ReverseProxy fails incorrectly if there are spaces in the url
If the media proxy is enabled for remote media, and the remote media has a space in the url, e.g. the custom emoji https://social.deadsuperhero.com/emoji/US Military/20201019_163402.png
in the profile name of "https://social.deadsuperhero.com/users/sean", the Pleroma.ReverseProxy.call/3
fails to retrieve the emoji but instead gets a status 200 text/html
response (the Pleroma front page). If you change the space to %20
it works fine.
With the space:
iex(...)2> Pleroma.ReverseProxy.call(%Plug.Conn{method: "GET"}, "https://social.deadsuperhero.com/emoji/US Military/20201019_163402.png")
00:51:35.748 [debug] Elixir.Pleroma.ReverseProxy GET https://social.deadsuperhero.com/emoji/US Military/20201019_163402.png []

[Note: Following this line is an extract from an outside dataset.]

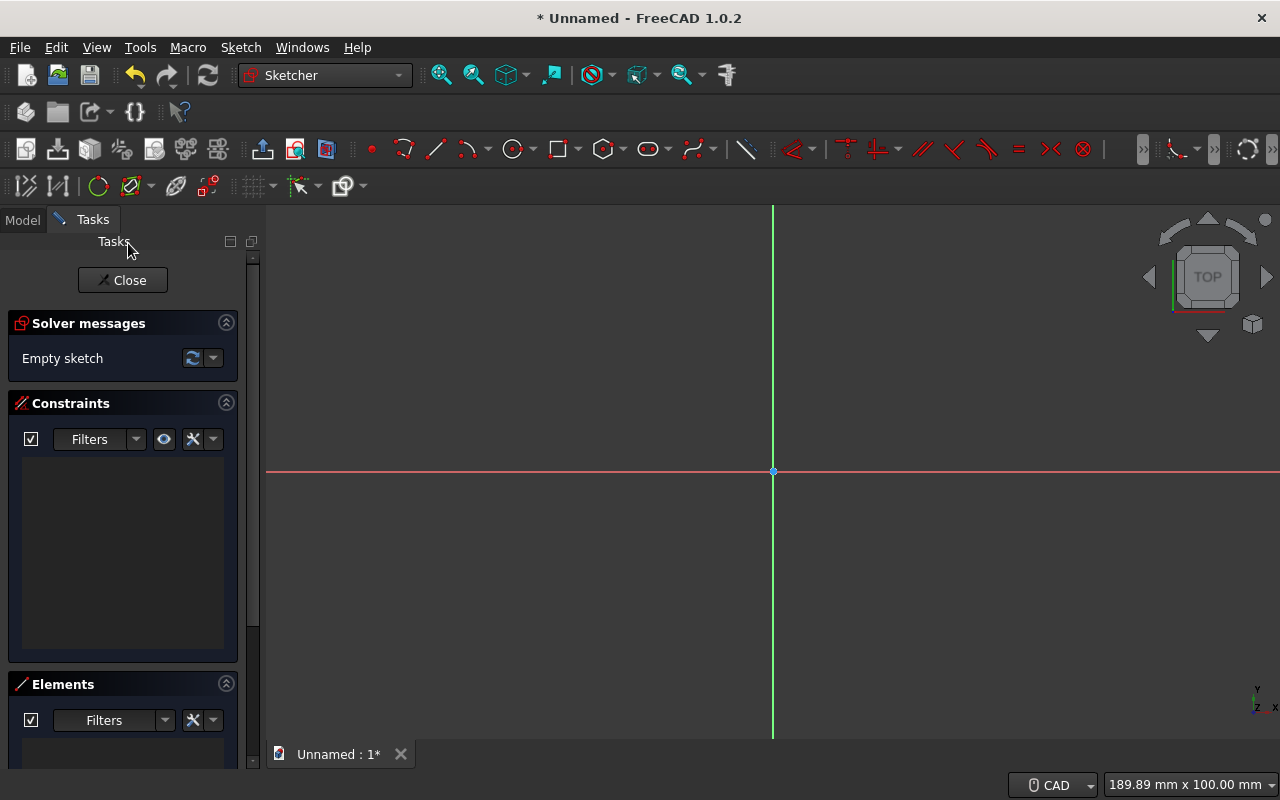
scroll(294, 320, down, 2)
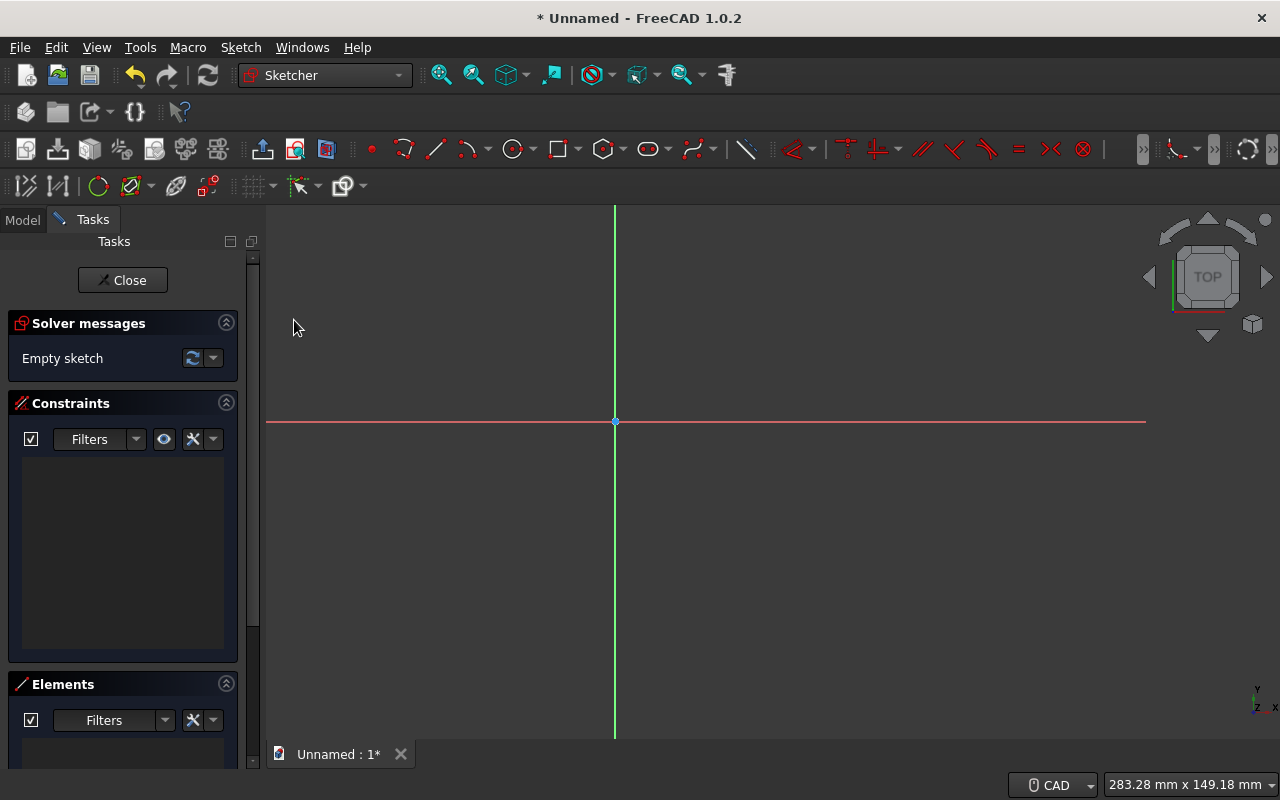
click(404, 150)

00:51:36.363 [debug] Elixir.Pleroma.ReverseProxy 200 https://social.deadsuperhero.com/emoji/US Military/20201019_163402.png [{"server", "nginx/1.14.2"}, {"date", "Sat, 26 Dec 2020 00:51:36 GMT"}, {"content-type", "text/html; charset=utf-8"}, {"content-length", "7133"}, {"connection", "keep-alive"}, {"vary", "Accept-Encoding"}, {"access-control-allow-credentials", "true"}, {"access-control-allow-origin", "*"}, {"access-control-expose-headers", "Link,X-RateLimit-Reset,X-RateLimit-Limit,X-RateLimit-Remaining,X-Request-Id,Idempotency-Key"}, {"cache-control", "max-age=0, private, must-revalidate"}, {"content-security-policy", "upgrade-insecure-requests;script-src 'self';connect-src 'self' blob: https://social.deadsuperhero.com wss://social.deadsuperhero.com;media-src 'self' https:;img-src 'self' data: blob: https:;default-src 'none';base-uri 'self';frame-ancestors 'none';style-src 'self' 'unsafe-inline';font-src 'self';manifest-src 'self';"}, {"referrer-policy", "same-origin"}, {"x-content-type-options", "nosniff"}, {"x-download-options", "noopen"}, {"x-frame-options", "DENY"}, {"x-permitted-cross-domain-policies", "none"}, {"x-request-id", "FlQd8vnPZKcAXwgBNBKB"}, {"x-xss-protection", "1; mode=block"}]
With %20
:
iex(...)1> Pleroma.ReverseProxy.call(%Plug.Conn{method: "GET"}, "https://social.deadsuperhero.com/emoji/US%20Military/20201019_163402.png")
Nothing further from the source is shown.